The figures proved for the first time the extent of the link between crime and drugs, Keith Hellawell, Chief Constable of West Yorkshire, said at the start of the Association of Chief Police Officers' annual drugs conference.

He said the survey, published yesterday by his force, showed young offenders were spending between pounds 150 and pounds 600 on drugs. Yet more than half of them were unemployed and nearly half had no financial support.

Most of the young people, aged between 15 and 24, in three penal institutions had confessed to researchers that crime was their main source of income. The survey found a 'staggering' 95 per cent had tried drugs and 93 per cent were regular users.

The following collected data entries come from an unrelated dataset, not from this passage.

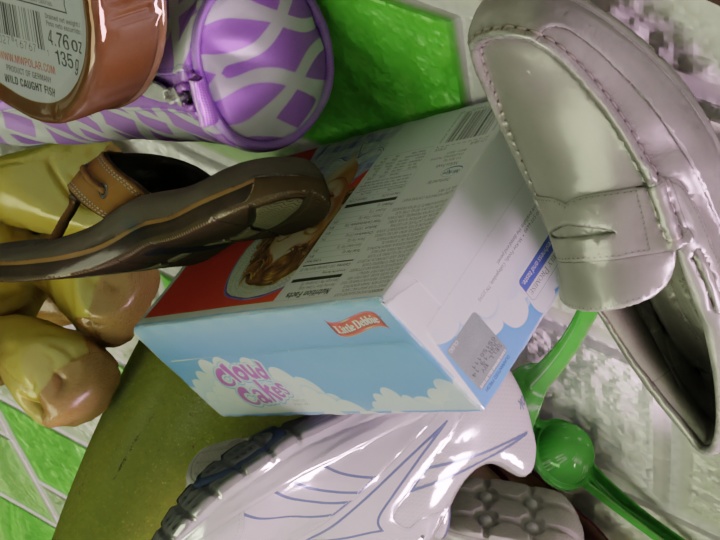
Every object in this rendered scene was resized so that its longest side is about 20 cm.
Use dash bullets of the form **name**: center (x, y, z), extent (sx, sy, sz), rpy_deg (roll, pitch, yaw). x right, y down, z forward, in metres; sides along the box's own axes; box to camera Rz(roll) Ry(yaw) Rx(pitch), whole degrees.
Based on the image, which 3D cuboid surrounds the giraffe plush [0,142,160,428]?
- **giraffe plush**: center (-0.208, 0.002, 0.973), extent (0.199, 0.173, 0.162), rpy_deg (21, 174, 4)

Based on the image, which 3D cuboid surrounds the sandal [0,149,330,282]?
- **sandal**: center (-0.094, -0.030, 0.736), extent (0.199, 0.081, 0.055), rpy_deg (-16, 82, 47)

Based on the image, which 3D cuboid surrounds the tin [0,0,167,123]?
- **tin**: center (-0.126, -0.153, 0.647), extent (0.112, 0.042, 0.201), rpy_deg (17, 121, 36)

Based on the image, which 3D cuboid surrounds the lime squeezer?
- **lime squeezer**: center (0.108, 0.076, 0.823), extent (0.070, 0.038, 0.200), rpy_deg (-12, 132, 16)

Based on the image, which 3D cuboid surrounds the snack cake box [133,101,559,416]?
- **snack cake box**: center (0.000, 0.000, 0.731), extent (0.067, 0.115, 0.200), rpy_deg (46, 152, -22)

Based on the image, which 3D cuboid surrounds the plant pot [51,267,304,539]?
- **plant pot**: center (-0.083, 0.125, 0.935), extent (0.187, 0.200, 0.188), rpy_deg (29, 152, 17)

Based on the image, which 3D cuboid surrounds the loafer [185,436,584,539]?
- **loafer**: center (0.009, 0.132, 0.837), extent (0.199, 0.070, 0.070), rpy_deg (13, 123, 5)

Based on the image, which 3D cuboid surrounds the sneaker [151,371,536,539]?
- **sneaker**: center (-0.007, 0.100, 0.766), extent (0.087, 0.199, 0.075), rpy_deg (61, 176, -7)

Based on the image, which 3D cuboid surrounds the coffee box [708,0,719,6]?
- **coffee box**: center (0.048, -0.167, 0.454), extent (0.199, 0.080, 0.115), rpy_deg (29, 152, 17)

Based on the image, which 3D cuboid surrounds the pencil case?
- **pencil case**: center (-0.100, -0.090, 0.747), extent (0.199, 0.085, 0.084), rpy_deg (5, 130, 48)

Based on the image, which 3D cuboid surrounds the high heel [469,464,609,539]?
- **high heel**: center (0.072, 0.096, 0.880), extent (0.096, 0.068, 0.200), rpy_deg (-7, 133, 24)

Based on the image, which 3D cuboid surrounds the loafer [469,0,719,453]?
- **loafer**: center (0.100, -0.016, 0.619), extent (0.070, 0.070, 0.200), rpy_deg (-5, 131, 53)

However, only 6 per cent had ever been charged with a drug offence.

Mr Hellawell said before he addressed the conference in Preston, Lancashire: 'We are facing substantial increases in crime, in lawlessness and in disorder in this country. I have felt for some time that drugs have been at the heart of it.'

Teenage gangs competing for status with drugs, guns and violence present a threat to public safety in the inner cities, Det Supt David Brennan, head of Greater Manchester Police Drug Squad, warned the conference.

He said that the warring gangs of Manchester's Moss Side dominated their area because they had 'no fear of arrest, prison, injury or death'.

He went on: 'Gangs actually enjoy the buzz that comes from the fear of being shot at or the sense of power in carrying a gun. They love walking around with a gun. They revel in the 'respect' that goes with having money, access to drugs and a gun.'

Since 1990, Mr Brennan said, 27 weapons had been seized in Moss Side; almost half of those had been this year and among them were four automatic weapons. Since August 1992 there had been more than 60 reported shooting incidents, including the murder of Benjamin Stanley, aggravated burglaries and a number of kidnappings. But knifings were still common, he said. He showed the conference a photograph of a drug dealer stabbed to death with knives and a machete.

Describing the way the gangs operate, Mr Brennan said that about 30 individual members had been identified as belonging to the two main Moss Side gangs and a further 60 in the gangs in the Cheetham Hill area, two miles away. The latter were organised on more military lines, wearing uniforms of balaclavas and boiler suits, while the Moss Side gang identified themselves by the colour of their bandanas. A particular new tactic of the gang was 'taxing' a dealer in another gang, taking his drugs and cash and reducing his status.

He said one solution could be to copy the US 'Tactical Narcotics Teams', task forces comprising police, social workers and local authority employees who would identify an area, warn that they were about to mount a clean-up operation and then move in to clear drug dealers and physically repair the streets.